The principle positive result from our study is that arterial stiffness was associated with increased renal function loss and rapid GFR decline among patients with high CV risk with and without CKD. Similarly, related studies have shown that elevated arterial stiffness assessed by PWV and CAVI was independently associated with faster decline of renal function and incidence of CKD and ESRD8–12). Finally, recent meta-analyses supported that higher vascular stiffness was significantly associated with deterioration of GFR and higher risks of CKD18). The positive correlation between GFR decline and CAVI may be explained because systemic pulsatile pressure and arteriosclerosis are systemic diseases, and hemodynamic effects on the low resistance of renal afferent arterioles induced endothelial dysfunction and decreased renal microcirculation, leading to rapid GFR decline19). Another possible reason is that both central and small artery stiffness activated sodium homeostasis, divalent ionic species (calcium, phosphates), and RAAS that promotes renal injury20). Our study included high CV risk with different GFR levels, but the positive role of vascular stiffness might become more apparent in high CV risk without CKD.

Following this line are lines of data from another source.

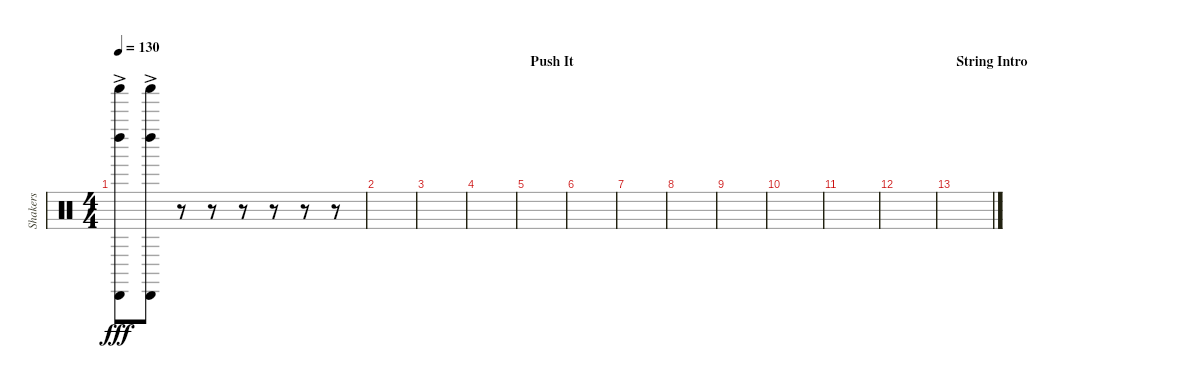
\track ("Shakers" "Shakers") {instrument percussion}
\staff {score}
\articulation defaults
\ts (4 4)
\tempo 130
\clef neutral
\ks c
("Cabasa (hit)"{ac} "Left Maraca (hit)"{ac} "Shaker (hit)"{ac}).8{dy fff} ("Cabasa (hit)"{ac} "Left Maraca (hit)"{ac} "Shaker (hit)"{ac}).8 r.8 r.8 r.8 r.8 r.8 r.8 |
|
|
|
\section ("" "Push It")
|
|
|
|
|
|
|
|
\section ("" "String Intro")
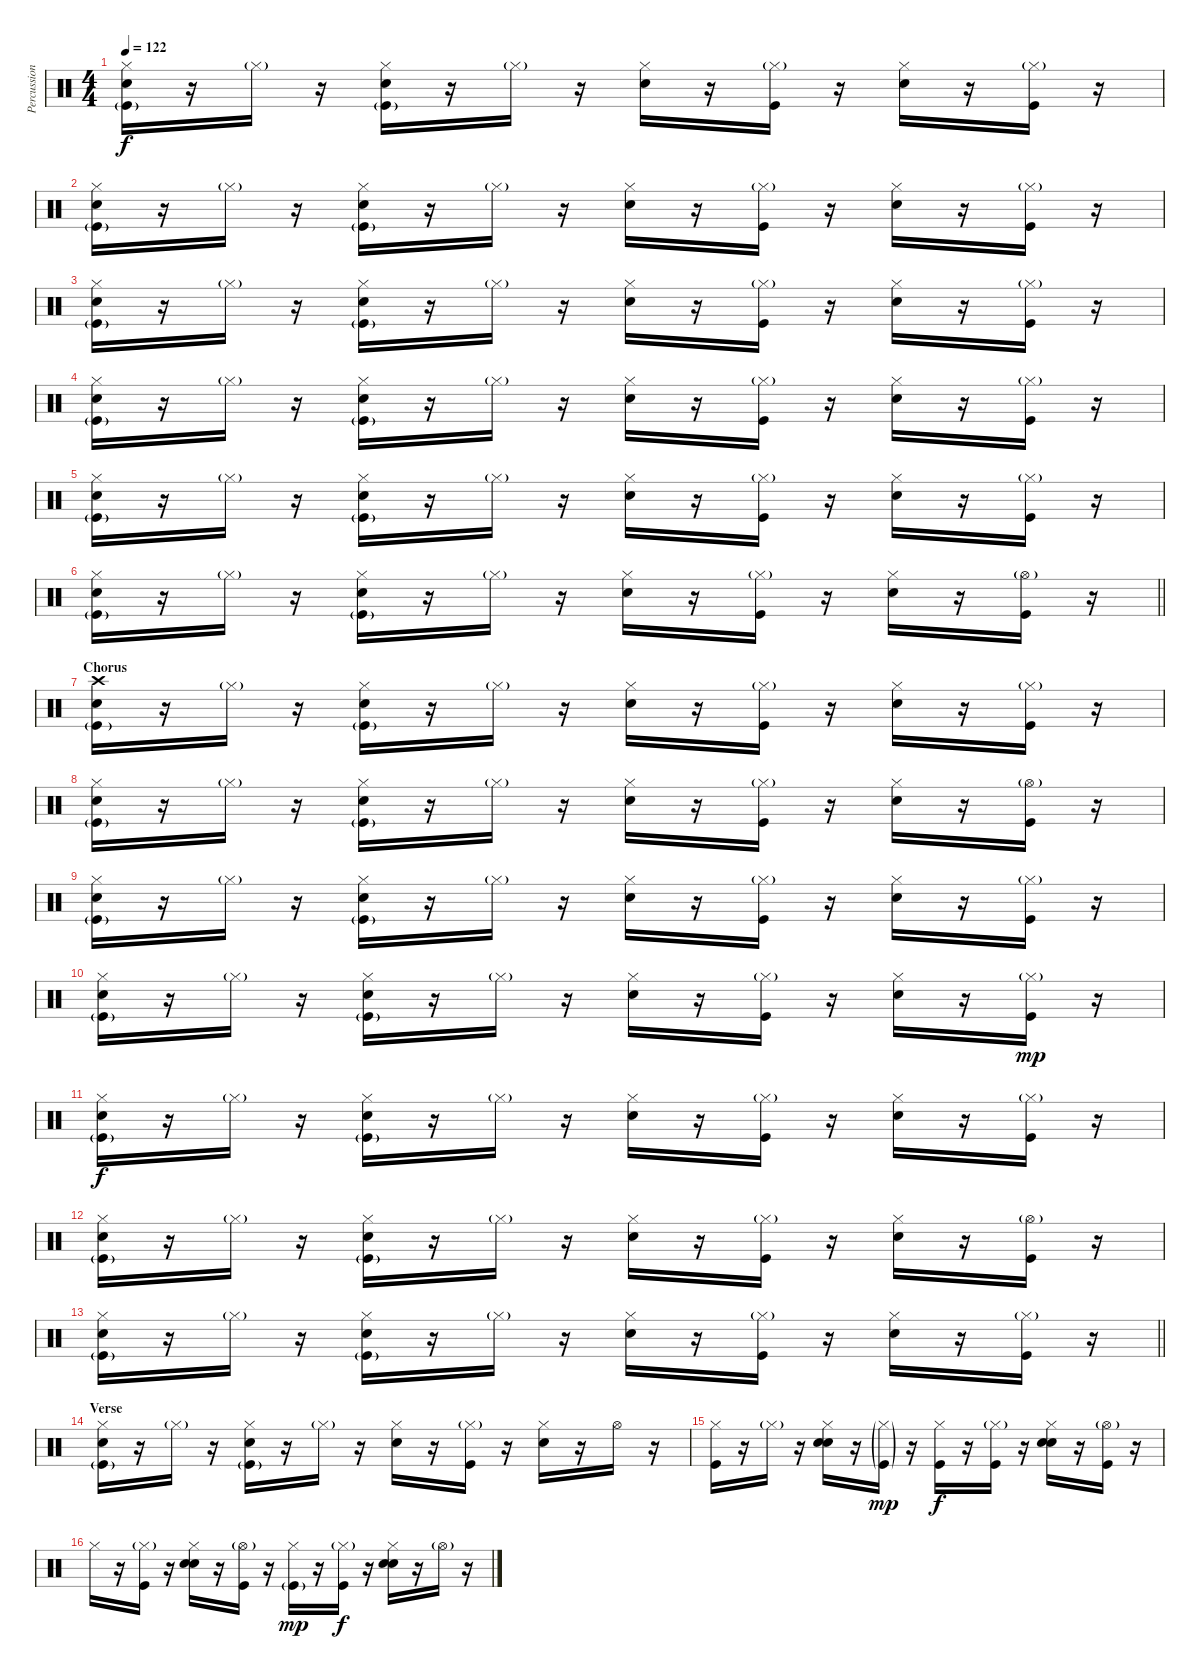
\track ("Percussion" "Percussion") {instrument percussion bank 177}
\staff {score}
\articulation defaults
\ts (4 4)
\tempo 122
\clef neutral
\ks c
("Hi-Hat (closed)" "Snare (hit) 2" "Kick (hit)"{g}).16{dy f} r.16 "Hi-Hat (closed)"{g}.16 r.16 ("Hi-Hat (closed)" "Snare (hit) 2" "Kick (hit)"{g}).16 r.16 "Hi-Hat (closed)"{g}.16 r.16 ("Hi-Hat (closed)" "Snare (hit) 2").16 r.16 ("Hi-Hat (closed)"{g} "Kick (hit)").16 r.16 ("Hi-Hat (closed)" "Snare (hit) 2").16 r.16 ("Hi-Hat (closed)"{g} "Kick (hit)").16 r.16 |
("Hi-Hat (closed)" "Snare (hit) 2" "Kick (hit)"{g}).16 r.16 "Hi-Hat (closed)"{g}.16 r.16 ("Hi-Hat (closed)" "Snare (hit) 2" "Kick (hit)"{g}).16 r.16 "Hi-Hat (closed)"{g}.16 r.16 ("Hi-Hat (closed)" "Snare (hit) 2").16 r.16 ("Hi-Hat (closed)"{g} "Kick (hit)").16 r.16 ("Hi-Hat (closed)" "Snare (hit) 2").16 r.16 ("Hi-Hat (closed)"{g} "Kick (hit)").16 r.16 |
("Hi-Hat (closed)" "Snare (hit) 2" "Kick (hit)"{g}).16 r.16 "Hi-Hat (closed)"{g}.16 r.16 ("Hi-Hat (closed)" "Snare (hit) 2" "Kick (hit)"{g}).16 r.16 "Hi-Hat (closed)"{g}.16 r.16 ("Hi-Hat (closed)" "Snare (hit) 2").16 r.16 ("Hi-Hat (closed)"{g} "Kick (hit)").16 r.16 ("Hi-Hat (closed)" "Snare (hit) 2").16 r.16 ("Hi-Hat (closed)"{g} "Kick (hit)").16 r.16 |
("Hi-Hat (closed)" "Snare (hit) 2" "Kick (hit)"{g}).16 r.16 "Hi-Hat (closed)"{g}.16 r.16 ("Hi-Hat (closed)" "Snare (hit) 2" "Kick (hit)"{g}).16 r.16 "Hi-Hat (closed)"{g}.16 r.16 ("Hi-Hat (closed)" "Snare (hit) 2").16 r.16 ("Hi-Hat (closed)"{g} "Kick (hit)").16 r.16 ("Hi-Hat (closed)" "Snare (hit) 2").16 r.16 ("Hi-Hat (closed)"{g} "Kick (hit)").16 r.16 |
("Hi-Hat (closed)" "Snare (hit) 2" "Kick (hit)"{g}).16 r.16 "Hi-Hat (closed)"{g}.16 r.16 ("Hi-Hat (closed)" "Snare (hit) 2" "Kick (hit)"{g}).16 r.16 "Hi-Hat (closed)"{g}.16 r.16 ("Hi-Hat (closed)" "Snare (hit) 2").16 r.16 ("Hi-Hat (closed)"{g} "Kick (hit)").16 r.16 ("Hi-Hat (closed)" "Snare (hit) 2").16 r.16 ("Hi-Hat (closed)"{g} "Kick (hit)").16 r.16 |
\barLineRight lightlight
("Hi-Hat (closed)" "Snare (hit) 2" "Kick (hit)"{g}).16 r.16 "Hi-Hat (closed)"{g}.16 r.16 ("Hi-Hat (closed)" "Snare (hit) 2" "Kick (hit)"{g}).16 r.16 "Hi-Hat (closed)"{g}.16 r.16 ("Hi-Hat (closed)" "Snare (hit) 2").16 r.16 ("Hi-Hat (closed)"{g} "Kick (hit)").16 r.16 ("Hi-Hat (closed)" "Snare (hit) 2").16 r.16 ("Hi-Hat (open)"{g} "Kick (hit)").16 r.16 |
\section ("" "Chorus")
("Crash high (hit)" "Snare (hit) 2" "Kick (hit)"{g}).16 r.16 "Hi-Hat (closed)"{g}.16 r.16 ("Hi-Hat (closed)" "Snare (hit) 2" "Kick (hit)"{g}).16 r.16 "Hi-Hat (closed)"{g}.16 r.16 ("Hi-Hat (closed)" "Snare (hit) 2").16 r.16 ("Hi-Hat (closed)"{g} "Kick (hit)").16 r.16 ("Hi-Hat (closed)" "Snare (hit) 2").16 r.16 ("Hi-Hat (closed)"{g} "Kick (hit)").16 r.16 |
("Hi-Hat (closed)" "Snare (hit) 2" "Kick (hit)"{g}).16 r.16 "Hi-Hat (closed)"{g}.16 r.16 ("Hi-Hat (closed)" "Snare (hit) 2" "Kick (hit)"{g}).16 r.16 "Hi-Hat (closed)"{g}.16 r.16 ("Hi-Hat (closed)" "Snare (hit) 2").16 r.16 ("Hi-Hat (closed)"{g} "Kick (hit)").16 r.16 ("Hi-Hat (closed)" "Snare (hit) 2").16 r.16 ("Hi-Hat (open)"{g} "Kick (hit)").16 r.16 |
("Hi-Hat (closed)" "Snare (hit) 2" "Kick (hit)"{g}).16 r.16 "Hi-Hat (closed)"{g}.16 r.16 ("Hi-Hat (closed)" "Snare (hit) 2" "Kick (hit)"{g}).16 r.16 "Hi-Hat (closed)"{g}.16 r.16 ("Hi-Hat (closed)" "Snare (hit) 2").16 r.16 ("Hi-Hat (closed)"{g} "Kick (hit)").16 r.16 ("Hi-Hat (closed)" "Snare (hit) 2").16 r.16 ("Hi-Hat (closed)"{g} "Kick (hit)").16 r.16 |
("Hi-Hat (closed)" "Snare (hit) 2" "Kick (hit)"{g}).16 r.16 "Hi-Hat (closed)"{g}.16 r.16 ("Hi-Hat (closed)" "Snare (hit) 2" "Kick (hit)"{g}).16 r.16 "Hi-Hat (closed)"{g}.16 r.16 ("Hi-Hat (closed)" "Snare (hit) 2").16 r.16 ("Hi-Hat (closed)"{g} "Kick (hit)").16 r.16 ("Hi-Hat (closed)" "Snare (hit) 2").16 r.16 ("Hi-Hat (closed)"{g} "Kick (hit)").16{dy mp} r.16 |
("Hi-Hat (closed)" "Snare (hit) 2" "Kick (hit)"{g}).16{dy f} r.16 "Hi-Hat (closed)"{g}.16 r.16 ("Hi-Hat (closed)" "Snare (hit) 2" "Kick (hit)"{g}).16 r.16 "Hi-Hat (closed)"{g}.16 r.16 ("Hi-Hat (closed)" "Snare (hit) 2").16 r.16 ("Hi-Hat (closed)"{g} "Kick (hit)").16 r.16 ("Hi-Hat (closed)" "Snare (hit) 2").16 r.16 ("Hi-Hat (closed)"{g} "Kick (hit)").16 r.16 |
("Hi-Hat (closed)" "Snare (hit) 2" "Kick (hit)"{g}).16 r.16 "Hi-Hat (closed)"{g}.16 r.16 ("Hi-Hat (closed)" "Snare (hit) 2" "Kick (hit)"{g}).16 r.16 "Hi-Hat (closed)"{g}.16 r.16 ("Hi-Hat (closed)" "Snare (hit) 2").16 r.16 ("Hi-Hat (closed)"{g} "Kick (hit)").16 r.16 ("Hi-Hat (closed)" "Snare (hit) 2").16 r.16 ("Hi-Hat (open)"{g} "Kick (hit)").16 r.16 |
\barLineRight lightlight
("Hi-Hat (closed)" "Snare (hit) 2" "Kick (hit)"{g}).16 r.16 "Hi-Hat (closed)"{g}.16 r.16 ("Hi-Hat (closed)" "Snare (hit) 2" "Kick (hit)"{g}).16 r.16 "Hi-Hat (closed)"{g}.16 r.16 ("Hi-Hat (closed)" "Snare (hit) 2").16 r.16 ("Hi-Hat (closed)"{g} "Kick (hit)").16 r.16 ("Hi-Hat (closed)" "Snare (hit) 2").16 r.16 ("Hi-Hat (closed)"{g} "Kick (hit)").16 r.16 |
\section ("" "Verse")
("Hi-Hat (closed)" "Snare (hit) 2" "Kick (hit)"{g}).16 r.16 "Hi-Hat (closed)"{g}.16 r.16 ("Hi-Hat (closed)" "Snare (hit) 2" "Kick (hit)"{g}).16 r.16 "Hi-Hat (closed)"{g}.16 r.16 ("Hi-Hat (closed)" "Snare (hit) 2").16 r.16 ("Hi-Hat (closed)"{g} "Kick (hit)").16 r.16 ("Hi-Hat (closed)" "Snare (hit) 2").16 r.16 "Hi-Hat (open)".16 r.16 |
("Hi-Hat (closed)" "Kick (hit)").16 r.16 "Hi-Hat (closed)"{g}.16 r.16 ("Hi-Hat (closed)" "Hand Clap (hit)" "Snare (hit) 2").16 r.16 ("Hi-Hat (closed)"{g} "Kick (hit)"{g}).16{dy mp} r.16 ("Hi-Hat (closed)" "Kick (hit)").16{dy f} r.16 ("Hi-Hat (closed)"{g} "Kick (hit)").16 r.16 ("Hi-Hat (closed)" "Hand Clap (hit)" "Snare (hit) 2").16 r.16 ("Hi-Hat (open)"{g} "Kick (hit)").16 r.16 |
"Hi-Hat (closed)".16 r.16 ("Hi-Hat (closed)"{g} "Kick (hit)").16 r.16 ("Hi-Hat (closed)" "Hand Clap (hit)" "Snare (hit) 2").16 r.16 ("Hi-Hat (open)"{g} "Kick (hit)").16 r.16 ("Hi-Hat (closed)" "Kick (hit)"{g}).16{dy mp} r.16 ("Hi-Hat (closed)"{g} "Kick (hit)").16{dy f} r.16 ("Hi-Hat (closed)" "Hand Clap (hit)" "Snare (hit) 2").16 r.16 "Hi-Hat (open)"{g}.16 r.16

Several studies have evaluated the role of arterial stiffness and renal function in various populations with varying results. Our results demonstrated significant change in GFR with vascular stiffness among patients with overall high CV risk with baseline GFR at 54 mL/min/1.73 m3. This was consistent with related clinical studies, in which aortic stiffness is shown to be independently associated with progressive renal impairment among patients with advanced CKD21), and a greater PWV among patients was detected in more advanced CKD from stages 1–5 22). In contrast, some studies have reported that arterial stiffness did not predict GFR decline in moderate to advanced CKD23), but arterial stiffness negatively correlated with estimated GFR in a primary care population without CKD24). The conflicting results may be explained by the difference in patients' characteristics, measurement techniques for vascular stiffness, clinical study design, and duration of follow-up. Population with a high risk of CV disease was identified, and high incidence of arterial stiffness was found at baseline (CAVI ≥ 9 up to 64%) within our study. Among such patients, there may be a resulting increased strength of the relationship between CAVI and rate of renal function. It has been suggested that arterial stiffness might play an important role in early CKD beyond the traditional CV risk factors.
CAVI reflects both organic and functional vascular stiffness as in arteriosclerosis. In addition to arteriosclerosis and vascular diseases, age is a well-known factor that contributes to an increased CAVI25). This was consistent with our finding that significantly increased age accompanied higher CAVI score. However, in our multivariate logistic regression analyses, increased vascular stiffness or CAVI was significantly associated with a faster decrease in GFR, independent of age and sex. Maladaptive remodeling of the artery was observed and was independently associated with faster decline of renal function.
This study had several limitations. First, the patient selection in our study was not random and could have contained selection bias including other therapies for slow kidney function. However, factors affecting GFR decline other than vascular stiffness were included and analyzed before and during the study, and the confounding factors were considered in multiple regression analysis. Second, the present study included a relatively short follow-up time and did not show main renal outcomes such as ESRD or initiation of renal replacement therapy. Third, data on albuminuria were unavailable, which constitute an important element in defining CKD. However, eGFR < 60 ml/min per 1.73 m2 is a well-accepted definition for CKD in our patient settings. Finally, we had a single time measurement of arterial stiffness and were unable to longitudinally assess the relationship between changes in arterial stiffness and renal function.
In conclusion, higher indices of arterial stiffness were significantly associated with a rapid decline in renal function among subjects with high CV risk. The effect of vascular stiffness on long-term renal function among patients with CV should be further assessed using well-powered longitudinal studies.
Acknowledgements
The authors wish to acknowledge the contributions of the following individuals to this study: staff in the Division of Nephrology and Biomedical Clinical Research Center in Phramongkutklao Hospital. This study was supported by the Department of Medicine, Phramongkutklao Hospital and College of Medicine.
Conflicts of Interests
The authors declare that no potential conflict of interest exists.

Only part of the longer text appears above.